Within a very few years, the university had become once again famous throughout Christendom and even beyond. For the past two centuries it had been the Arabs, rather than the Greeks, who dominated the intellectual world; the so-called wise men of Constantinople, they used to say, were not even mules - they were donkeys. Now, thanks to Psellus and his friends - and the enlightened patronage of Constantine Monomachus - Byzantium regained its old reputation and became once again a meeting-point for the scholars of Europe and Asia. As Psellus modestly wrote to Michael Cerularius:
The Celts and the Arabs are now our prisoners. From East and West alike my reputation brings them flocking to our city. The Nile may water the land of the Egyptians, but it is my golden words that nourish their spirit. Ask the Persians and the Ethiopians: they will tell you that they know me, that they admire me and seek me out. Only recently there arrived a Babylonian, impelled by an insurmountable desire to drink at the fountain of my eloquence.
All this must have done wonders for the Empire's international reputation, which had been steadily declining in the quarter-century since the death of Basil II; but the greatest benefit was to be felt at home. For years already, properly qualified judges and even trained civil servants had been in short supply. By the end of Constantine's reign the new university was producing a steady stream of highly educated young men on which the government could draw for its senior administrators. Their expertise would be more than ever necessary in the years to come.

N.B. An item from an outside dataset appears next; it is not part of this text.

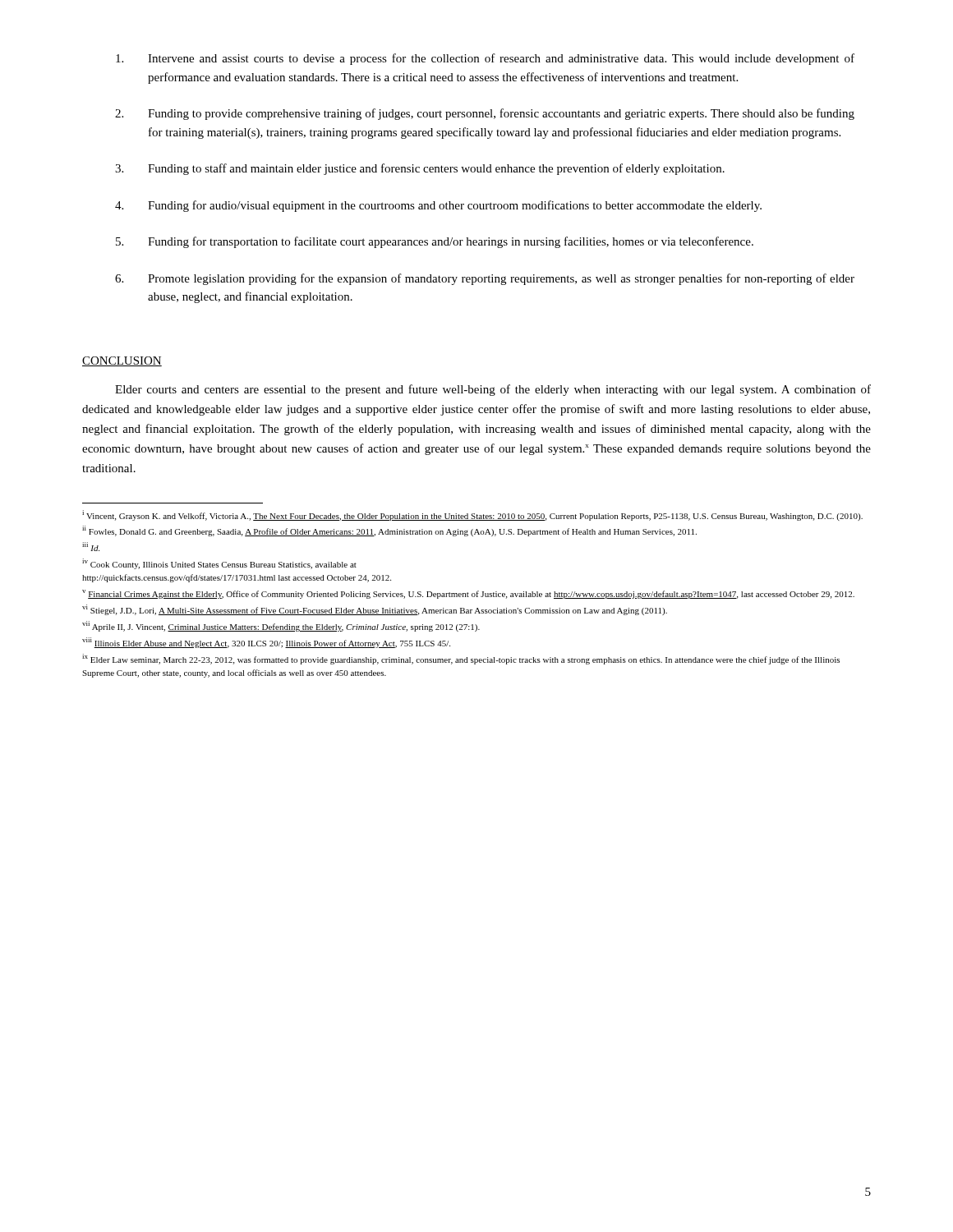
Task: Select the text block starting "4. Funding for audio/visual"
Action: point(485,205)

Constantine IX never recovered his prestige after the departure of Humbert and his friends. He continued to be suspected (with good reason) of pro-Latin sympathies, and his lame and grovelling excuses to the Patriarch - in which he tried to put the blame on everyone but himself - impressed nobody. But in any case he was by now a pathetic figure. Soon after his humiliation he retired to his monastery of Manganes, where his tomb, next to the Sclerina's, was already awaiting him. It was, perhaps, the most sumptuous foundation that even Constantinople had ever seen. Psellus writes:
The building was decorated throughout with golden stars, like the vault of heaven, but whereas heaven has its stars only at intervals, here the surface was entirely covered with gold, issuing forth from its centre in a never-ending stream. Surrounding it were other, smaller buildings, surrounded completely or in part by cloisters. The ground everywhere was levelled, and stretched further than the eye could see. Then came a second circle of buildings, larger than the first, with lawns covered with flowers. .. There were fountains which filled basins of water; gardens, some of them hanging, others sloping down to the level ground; and a bath that was beautiful beyond description.
In this bath the Emperor would lie for several hours every day, in an attempt to find some relief from his constant pain; but some time in the autumn of 1054, with the air already growing chill, he stayed in too long. Pleurisy resulted. At first he seemed to recover, but then his condition began rapidly to deteriorate. He lingered on until the new year; then, on 11 January 105 5, he died.